Work to complete: Pictures aside, write out the data exactly as it reads.

Provided material:
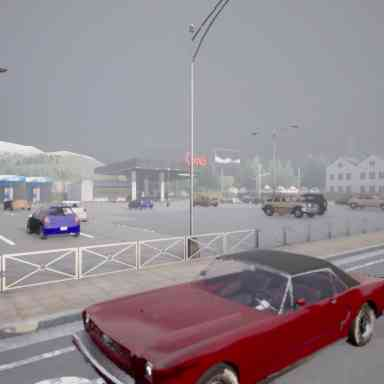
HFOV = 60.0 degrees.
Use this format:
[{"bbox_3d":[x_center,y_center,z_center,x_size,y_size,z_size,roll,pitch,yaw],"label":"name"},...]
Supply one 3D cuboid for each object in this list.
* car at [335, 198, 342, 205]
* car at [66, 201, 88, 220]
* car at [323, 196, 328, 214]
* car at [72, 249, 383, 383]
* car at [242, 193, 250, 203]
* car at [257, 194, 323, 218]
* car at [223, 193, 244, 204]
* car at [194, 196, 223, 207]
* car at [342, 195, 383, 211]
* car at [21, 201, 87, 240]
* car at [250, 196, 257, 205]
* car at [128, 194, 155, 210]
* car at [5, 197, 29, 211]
[{"bbox_3d":[23.605,1.313,49.369,2.007,1.523,4.514,0,0,-38],"label":"car"},{"bbox_3d":[-8.995,1.400,23.876,1.970,1.475,3.806,0,0,-38],"label":"car"},{"bbox_3d":[10.018,1.092,29.545,1.905,1.878,3.866,0,0,-38],"label":"car"},{"bbox_3d":[0.890,1.601,4.711,4.718,1.301,1.895,0,0,-38],"label":"car"},{"bbox_3d":[9.777,1.092,61.278,1.905,1.878,3.866,0,0,-38],"label":"car"},{"bbox_3d":[7.972,1.113,27.441,1.932,1.855,4.605,0,0,-38],"label":"car"},{"bbox_3d":[6.773,1.376,59.728,1.970,1.475,3.806,0,0,-38],"label":"car"},{"bbox_3d":[1.700,1.313,45.986,2.007,1.523,4.514,0,0,-38],"label":"car"},{"bbox_3d":[20.140,1.169,37.371,2.152,1.636,5.027,0,0,-38],"label":"car"},{"bbox_3d":[-6.814,1.389,16.182,1.845,1.501,3.633,0,0,-38],"label":"car"},{"bbox_3d":[11.990,1.113,53.043,1.932,1.855,4.605,0,0,-38],"label":"car"},{"bbox_3d":[-6.231,1.335,39.907,1.845,1.501,3.633,0,0,-38],"label":"car"},{"bbox_3d":[-20.296,1.346,38.732,2.152,1.636,5.027,0,0,-38],"label":"car"}]
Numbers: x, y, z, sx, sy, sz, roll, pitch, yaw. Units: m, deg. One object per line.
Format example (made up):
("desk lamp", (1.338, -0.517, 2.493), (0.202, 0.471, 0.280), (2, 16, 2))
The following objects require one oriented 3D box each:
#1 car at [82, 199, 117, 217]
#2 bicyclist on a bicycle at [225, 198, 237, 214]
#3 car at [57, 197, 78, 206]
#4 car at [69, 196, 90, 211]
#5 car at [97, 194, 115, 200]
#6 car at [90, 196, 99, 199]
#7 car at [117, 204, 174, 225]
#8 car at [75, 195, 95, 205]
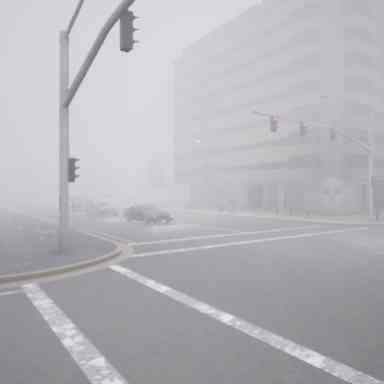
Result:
("car", (-9.033, 1.684, 33.137), (1.895, 1.301, 4.718), (0, 0, -35))
("bicyclist on a bicycle", (3.970, 1.406, 33.772), (1.656, 1.620, 0.582), (0, 0, -35))
("car", (-21.409, 1.585, 57.015), (2.128, 1.511, 4.902), (0, 0, -35))
("car", (-14.725, 1.436, 41.206), (2.097, 1.767, 4.553), (0, 0, -35))
("car", (-13.957, 1.321, 52.563), (2.150, 2.045, 5.566), (0, 0, -35))
("car", (-16.022, 1.570, 49.417), (1.882, 1.535, 5.008), (0, 0, -35))
("car", (-3.484, 1.630, 25.292), (2.033, 1.411, 5.357), (0, 0, -35))
("car", (-19.463, 1.453, 60.344), (2.097, 1.767, 4.553), (0, 0, -35))
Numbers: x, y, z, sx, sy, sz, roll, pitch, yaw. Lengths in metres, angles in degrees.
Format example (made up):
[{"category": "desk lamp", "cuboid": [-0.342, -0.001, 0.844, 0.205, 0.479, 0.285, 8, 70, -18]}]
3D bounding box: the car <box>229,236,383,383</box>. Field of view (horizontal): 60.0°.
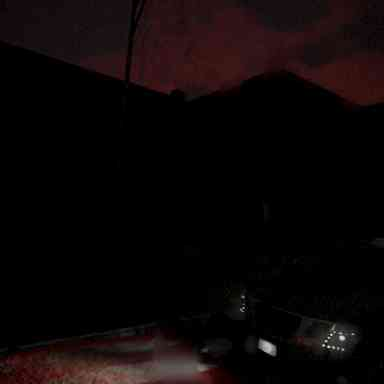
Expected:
[{"category": "car", "cuboid": [3.266, 1.897, 5.993, 5.566, 2.045, 2.150, 5, -3, -35]}]
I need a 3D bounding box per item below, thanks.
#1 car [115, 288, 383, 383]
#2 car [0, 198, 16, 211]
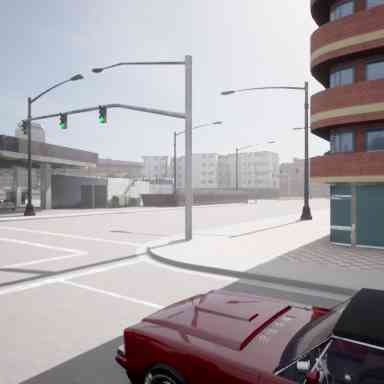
[{"bbox_3d":[1.528,1.601,2.884,4.718,1.301,1.895,0,0,36],"label":"car"},{"bbox_3d":[-22.337,1.456,38.835,3.806,1.475,1.970,0,0,36],"label":"car"}]
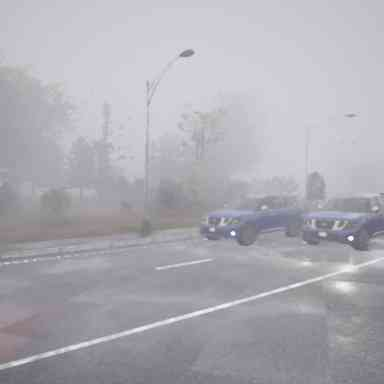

Problem solution:
HFOV = 60.0 degrees.
Use this format:
[{"bbox_3d":[x_center,y_center,z_center,x_size,y_size,z_size,roll,pitch,yaw],"label":"name"},...]
Supply one 3D cuboid for each object in this list.
* car at [335, 198, 342, 205]
* car at [66, 201, 88, 220]
* car at [323, 196, 328, 214]
* car at [72, 249, 383, 383]
* car at [242, 193, 250, 203]
* car at [257, 194, 323, 218]
* car at [223, 193, 244, 204]
* car at [194, 196, 223, 207]
* car at [342, 195, 383, 211]
* car at [21, 201, 87, 240]
* car at [250, 196, 257, 205]
* car at [128, 194, 155, 210]
* car at [5, 197, 29, 211]
[{"bbox_3d":[23.605,1.313,49.369,2.007,1.523,4.514,0,0,-38],"label":"car"},{"bbox_3d":[-8.995,1.400,23.876,1.970,1.475,3.806,0,0,-38],"label":"car"},{"bbox_3d":[10.018,1.092,29.545,1.905,1.878,3.866,0,0,-38],"label":"car"},{"bbox_3d":[0.890,1.601,4.711,4.718,1.301,1.895,0,0,-38],"label":"car"},{"bbox_3d":[9.777,1.092,61.278,1.905,1.878,3.866,0,0,-38],"label":"car"},{"bbox_3d":[7.972,1.113,27.441,1.932,1.855,4.605,0,0,-38],"label":"car"},{"bbox_3d":[6.773,1.376,59.728,1.970,1.475,3.806,0,0,-38],"label":"car"},{"bbox_3d":[1.700,1.313,45.986,2.007,1.523,4.514,0,0,-38],"label":"car"},{"bbox_3d":[20.140,1.169,37.371,2.152,1.636,5.027,0,0,-38],"label":"car"},{"bbox_3d":[-6.814,1.389,16.182,1.845,1.501,3.633,0,0,-38],"label":"car"},{"bbox_3d":[11.990,1.113,53.043,1.932,1.855,4.605,0,0,-38],"label":"car"},{"bbox_3d":[-6.231,1.335,39.907,1.845,1.501,3.633,0,0,-38],"label":"car"},{"bbox_3d":[-20.296,1.346,38.732,2.152,1.636,5.027,0,0,-38],"label":"car"}]
Numbers: x, y, z, sx, sy, sz, roll, pitch, yaw. Units: m, deg. One object per line.
Format example (made up):
("desk lamp", (1.338, -0.517, 2.493), (0.202, 0.471, 0.280), (2, 16, 2))
The following objects require one oriented 3D box each:
#1 car at [82, 199, 117, 217]
#2 bicyclist on a bicycle at [225, 198, 237, 214]
#3 car at [57, 197, 78, 206]
#4 car at [69, 196, 90, 211]
#5 car at [97, 194, 115, 200]
#6 car at [90, 196, 99, 199]
#7 car at [117, 204, 174, 225]
#8 car at [75, 195, 95, 205]
Result:
("car", (-9.033, 1.684, 33.137), (1.895, 1.301, 4.718), (0, 0, -35))
("bicyclist on a bicycle", (3.970, 1.406, 33.772), (1.656, 1.620, 0.582), (0, 0, -35))
("car", (-21.409, 1.585, 57.015), (2.128, 1.511, 4.902), (0, 0, -35))
("car", (-14.725, 1.436, 41.206), (2.097, 1.767, 4.553), (0, 0, -35))
("car", (-13.957, 1.321, 52.563), (2.150, 2.045, 5.566), (0, 0, -35))
("car", (-16.022, 1.570, 49.417), (1.882, 1.535, 5.008), (0, 0, -35))
("car", (-3.484, 1.630, 25.292), (2.033, 1.411, 5.357), (0, 0, -35))
("car", (-19.463, 1.453, 60.344), (2.097, 1.767, 4.553), (0, 0, -35))
Numbers: x, y, z, sx, sy, sz, roll, pitch, yaw. Lengths in metres, angles in degrees.
Format example (made up):
[{"category": "desk lamp", "cuboid": [-0.342, -0.001, 0.844, 0.205, 0.479, 0.285, 8, 70, -18]}]
3D bounding box: the car <box>229,236,383,383</box>. Field of view (horizontal): 60.0°.
Expected:
[{"category": "car", "cuboid": [3.266, 1.897, 5.993, 5.566, 2.045, 2.150, 5, -3, -35]}]
I need a 3D bounding box per item below, thanks.
#1 car [115, 288, 383, 383]
#2 car [0, 198, 16, 211]
[{"bbox_3d":[1.528,1.601,2.884,4.718,1.301,1.895,0,0,36],"label":"car"},{"bbox_3d":[-22.337,1.456,38.835,3.806,1.475,1.970,0,0,36],"label":"car"}]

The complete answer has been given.